Showing posts with label Vogue 1277. Show all posts
Showing posts with label Vogue 1277. Show all posts

Sunday, 1 March 2020

Time spent in reconnaissance

Jennifer Rosbrugh, who runs the excellent Historical Sewing website, recently asked on Facebook what 'top tip' people would give to sewing newbies. At 800 comments and counting, I've not managed to read them all, but one of the recurring themes seems to be the importance of preparation.

I've had reason to think about this a lot this week, as despite working on Vogue 1277 for what feels like forever, I've still not taken scissors to (proper) fabric. My plan to leave the jacket toile until the dress was complete came unstuck when I discovered that the dress and jacket pieces are jumbled together in the cutting layout, so I need to have everything drafted properly before I could begin.

If only I'd looked at this before I started!

Proper drafting is taking time. Unprinted pattern pieces were cut in thick stacks with a bandsaw, and the pattern markings punched by hand, so there's plenty of opportunity for inaccuracy - and this pattern seems to have made the most of that opportunity! So it's not just a case of making fit alterations; I have to check that notches and circles match up, and 'straight' lines are actually straight.

That's a lot of markings to check

Although it's taking a lot of time, it hasn't felt like wasted time. This pattern is in a different league from my usual projects, and making toiles of the dress and jacket has given me the chance to identify tricky sections before I start on my (limited) proper fabric, and also to work through and understand the instructions properly. The instuctions for pleating the skirt, for example, seemed utterly impenetrable at first. It was only by marking the lines of circles in different colours for different circle sizes that I could understand the process.

I did skimp a bit on making the toiles. I only made one sleeve, and I shortened the skirt panels a lot because it was the fitting at the top that I needed to check, not the length. This was however enough to demonstrate that the side panel markings are totally off, so I need to do do some more work in that area.

The dress toile, with very un-1950s ra-ra skirt!

It wasn't apparent until I made the jacket up that its sleeves are far too long for me. As they have faux vents at the cuff, this would have been almost impossible to fix if I hadn't checked it first. Because I had graded the pattern up a size, I basted on a jacket pocket flap to check if I needed to grade that up as well. I also added stashed buttons of the size I intend to use, again to check the proportions (although as the picture above shows, I didn't manage to add them symmetrically on the dress).

The jacket toile

Adding the jacket buttons highlighted something which wasn't so apparent on the pattern marking: the vertical spacing is uneven because I had to shorten the bodice above the waist. I'm not yet sure what to do about this, but I would have hated to have only noticed it after I'd cut the buttonholes!

Uneven button placement

I'm not entirely happy with the bottom edge of the collar either, so that will have to be tweaked.

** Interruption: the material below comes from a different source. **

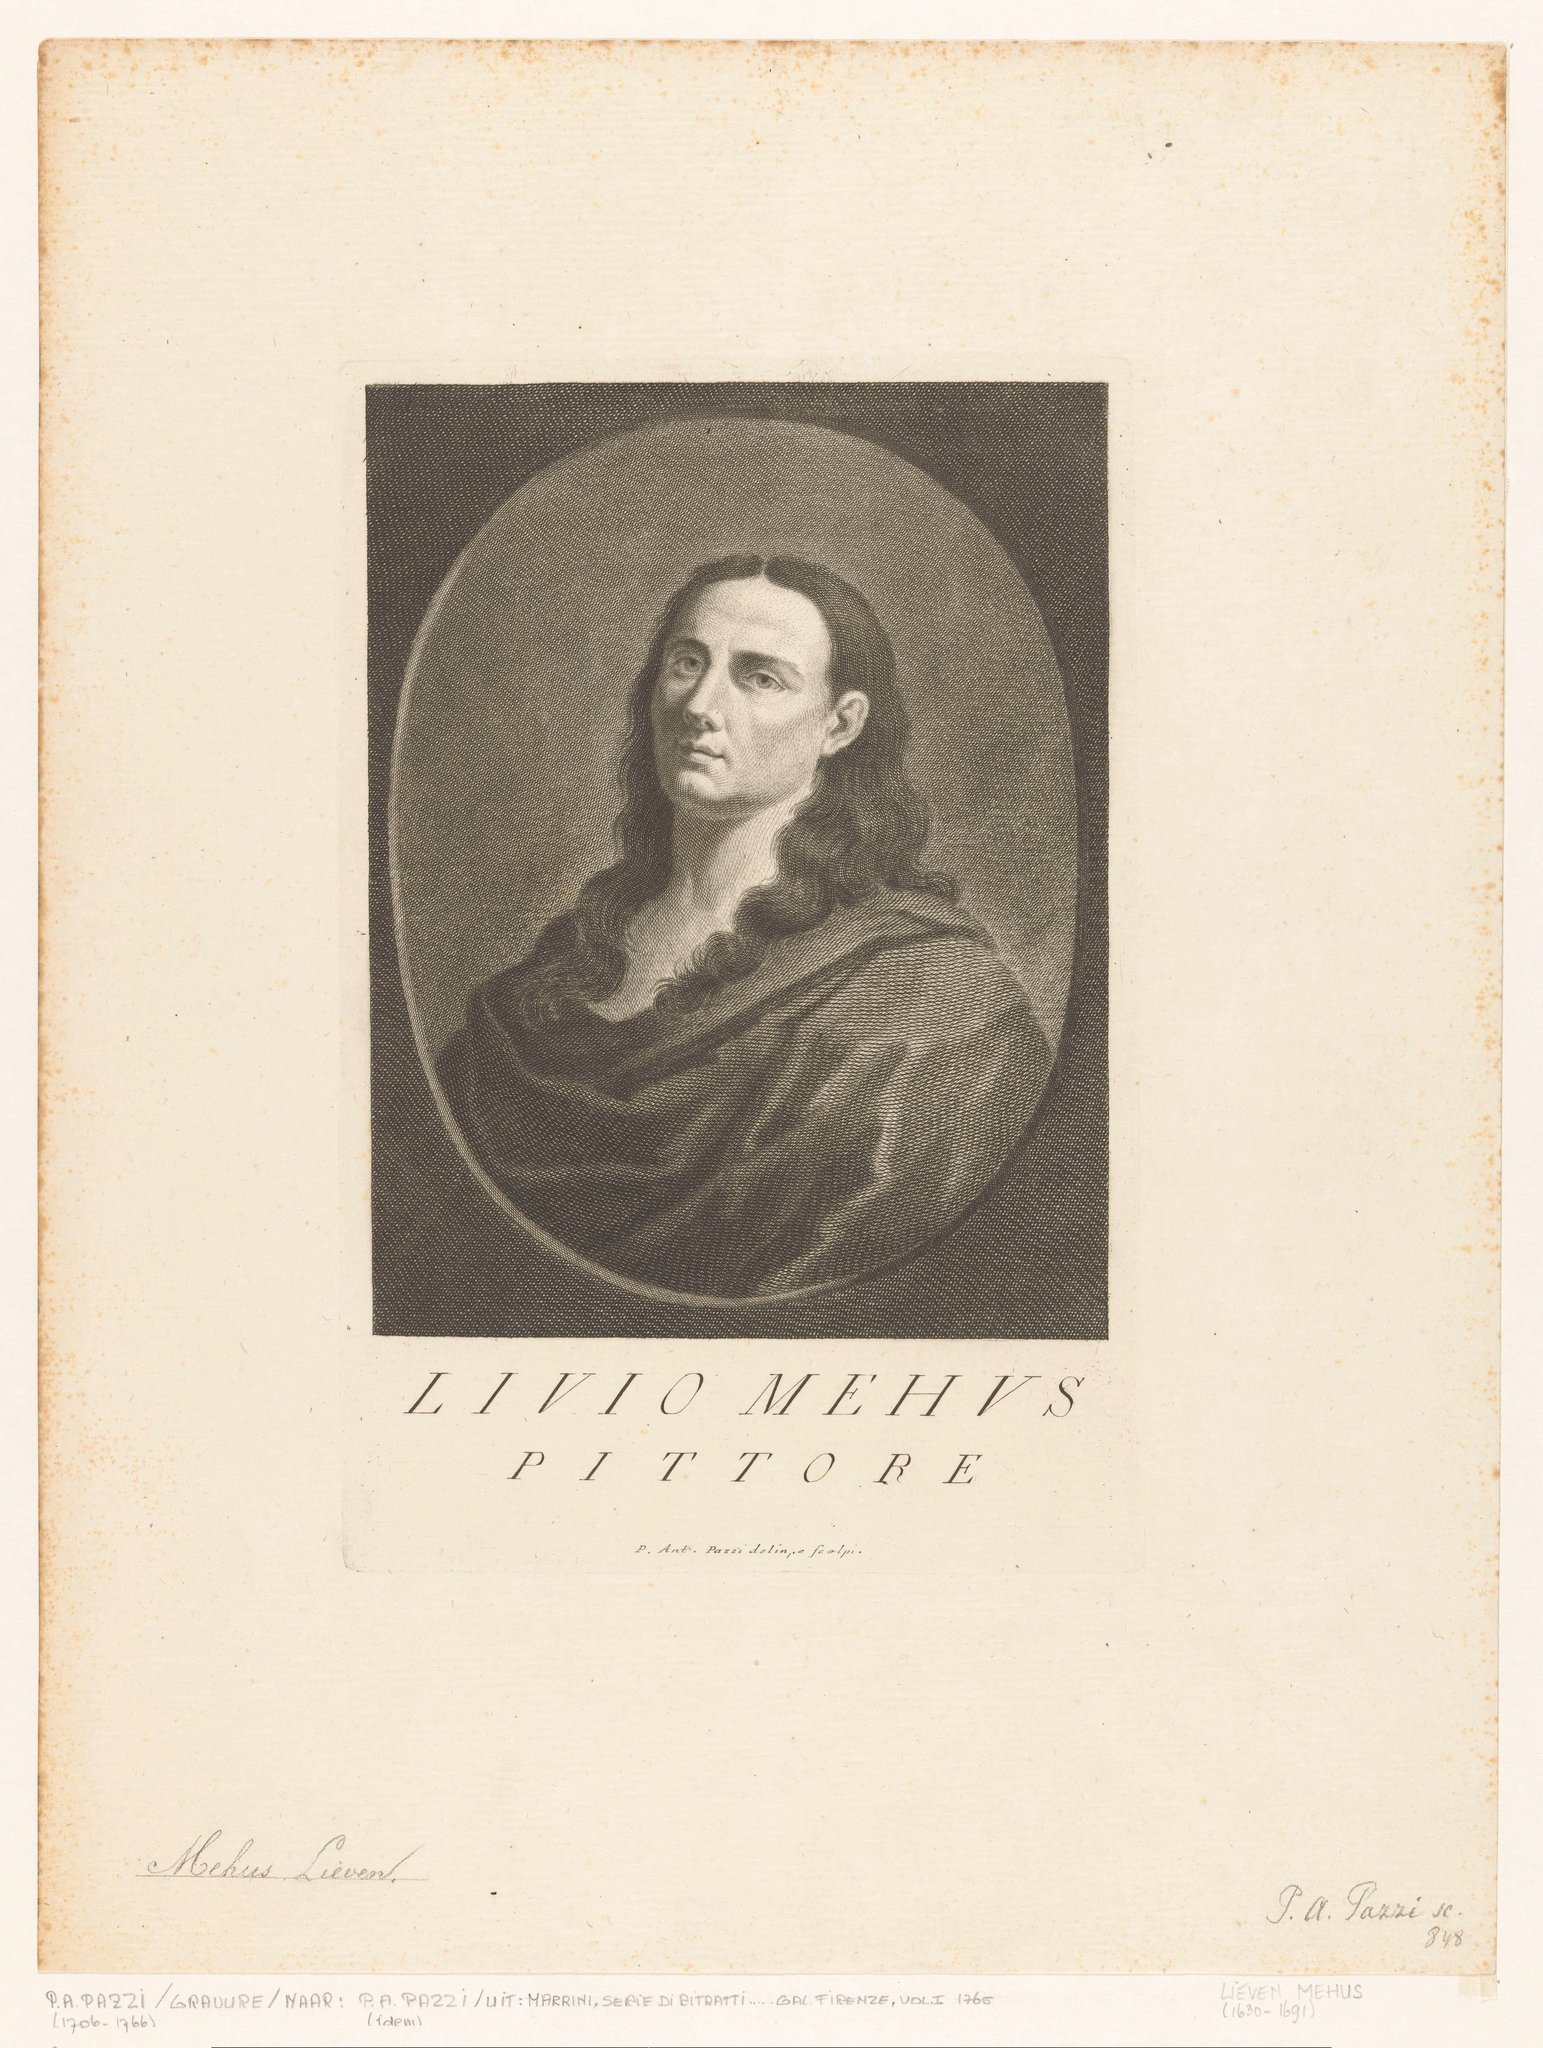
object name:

These are all things which can be fixed, but I only discovered that they need fixing by making the toiles. It was my mum who taught me to sew, but my dad is a maker as well, and it was he who taught me the maxim, "Time spent in reconnaissance is seldom wasted". It's certainly been the case with this project.

Making these pieces up in white cotton, and adding white buttons and trim, reminded me of my favourite section in last year's Dior exhibition at the V&A; The Atelier, with its floor to ceiling display of toiles.  Obviously, the inhabitants of 30 Avenue Montaigne are not in the habit of missing off sleeves or shortening skirts, but here is my little homage.

Spot the difference!

Sunday, 16 February 2020

Vogue 1277 - making a start

Having completed my February entry for the Historical Sew Monthly, it's time to turn my attention to my other monthly challenge, the Vintage Sew A Dress A Month. For this I'm making the dress part of my graduation outfit, Vogue 1277.

Vogue 1277, 1954

Close-up of the dress

At some point I really need to do a full post on the fitting issues I've been having with my dressmaking recently, but for now I'll just say that I knew that at least one mock-up was going to be essential. Mostly for the fitting, but also to understand the construction.

The bodice pieces

The bodice front in particular has a lot going on.

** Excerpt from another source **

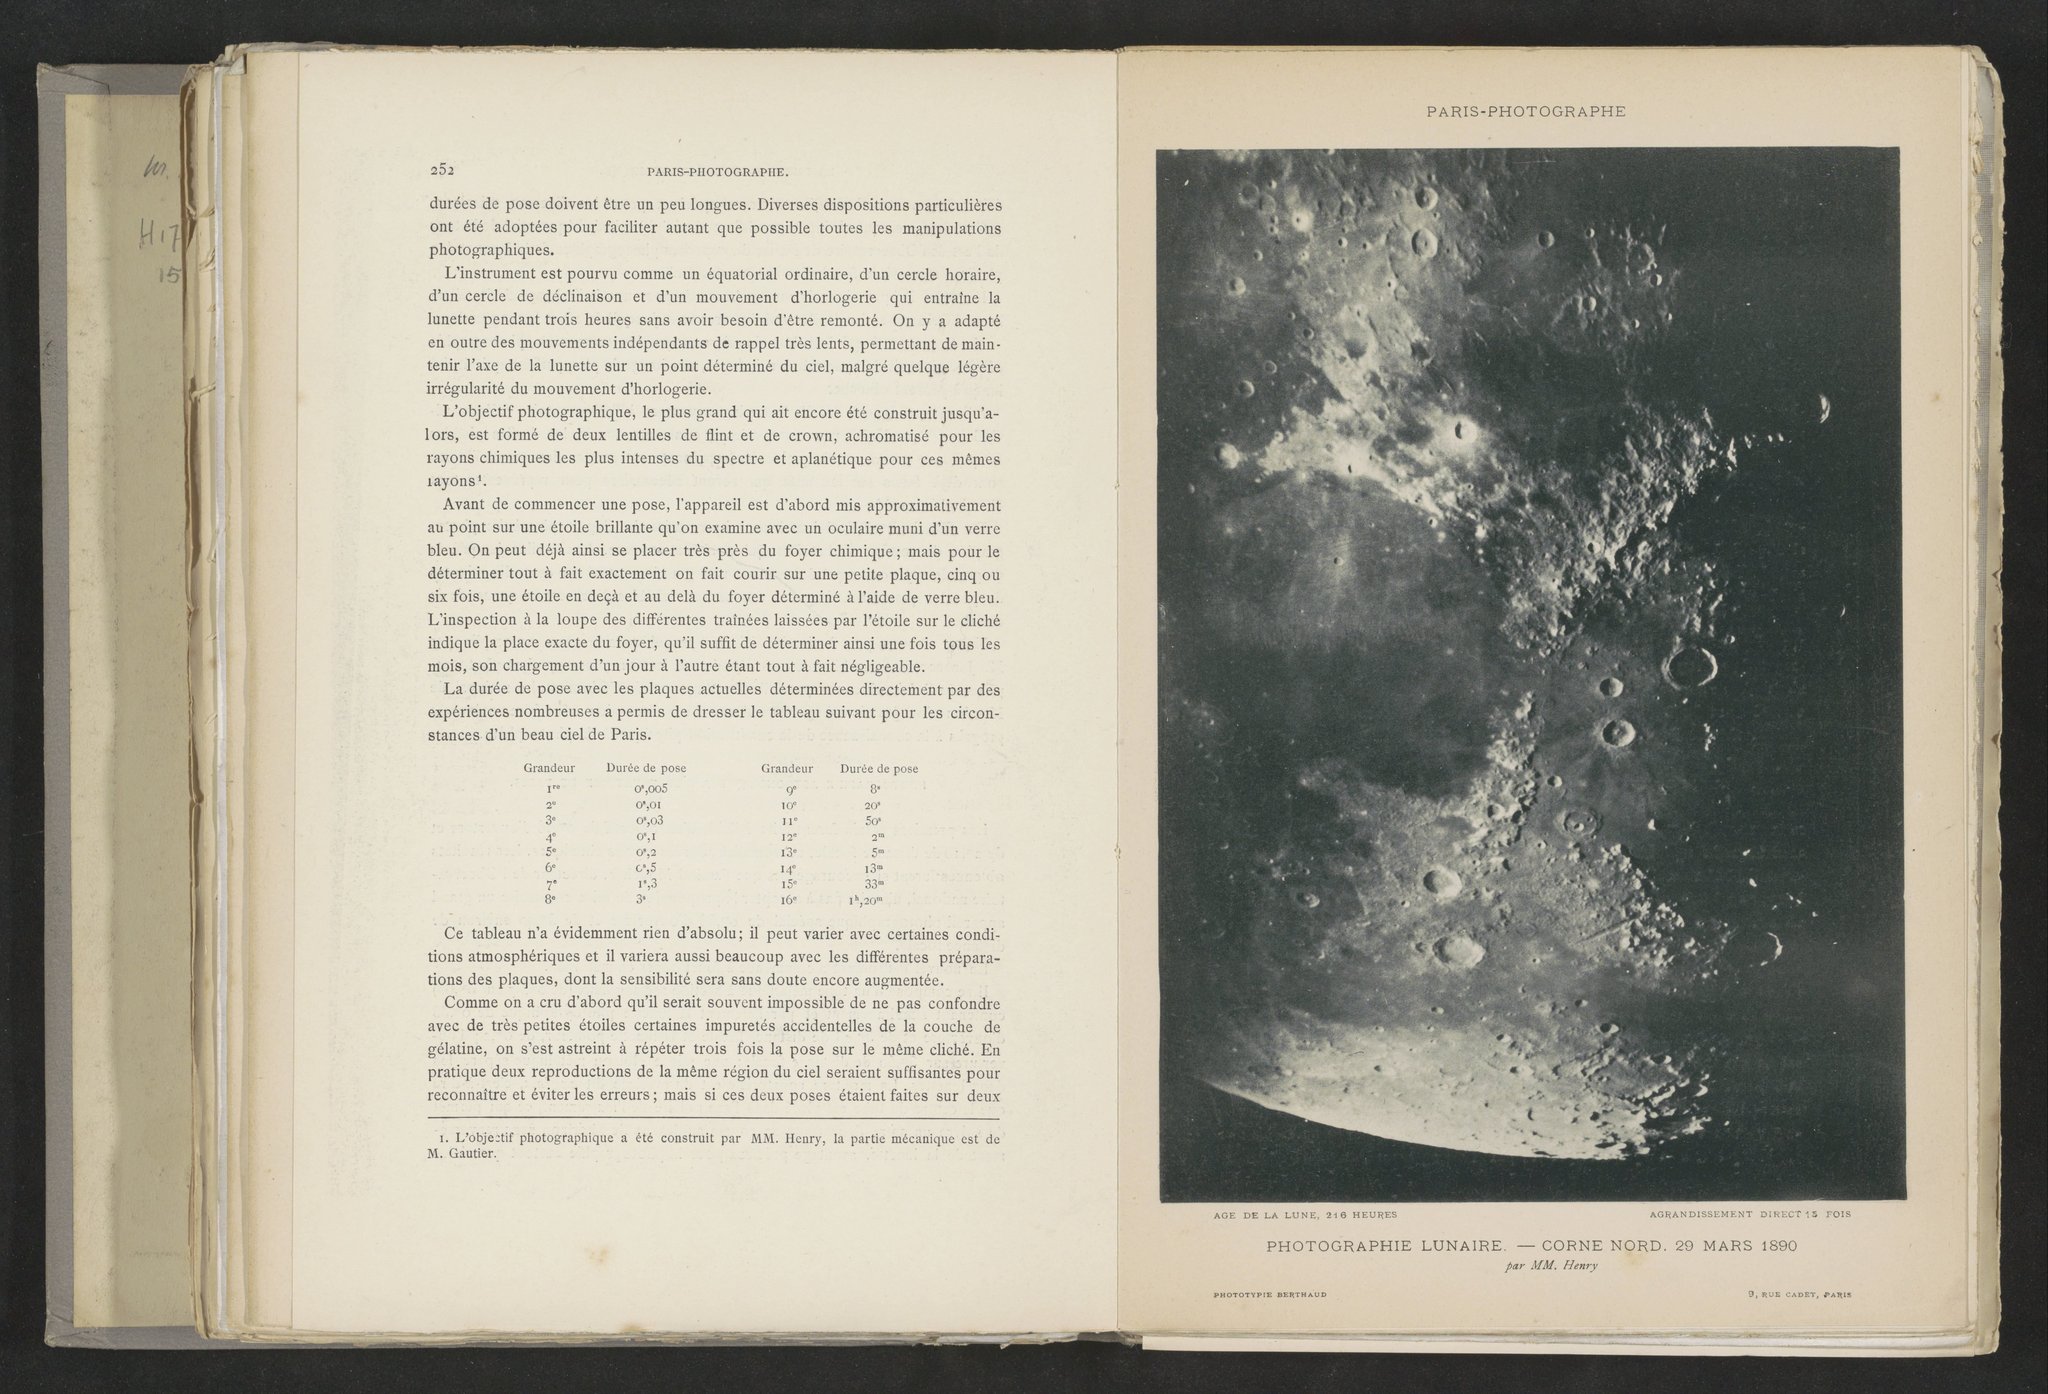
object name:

Just some of the markings on the bodice front

Fortunately I'm used to the odd shapes and construction of vintage Vogue patterns from some of the reissues I've tried, especially 8686 and 2859. So I made what I hoped were the right alterations to the pattern, cut it out from cotton sheeting, and started sewing.

The main problem turned out to be not following the instructions, but seeing them! There is a single instruction sheet, size 40cm x 48cm / 15½" x 19", and one side of it is taken up with cutting layouts. All of the constuction details are crammed on the other side, with complex diagrams which are often little more than 2½cm / 1" wide. Fortunately I discovered that if I took lots of close-up photographs and transferred them to my laptop, the printing was sharp enough for a greatly enlarged version to be perfectly clear. This also reduces the amount I have to handle the original instruction sheet, which is a little fragile.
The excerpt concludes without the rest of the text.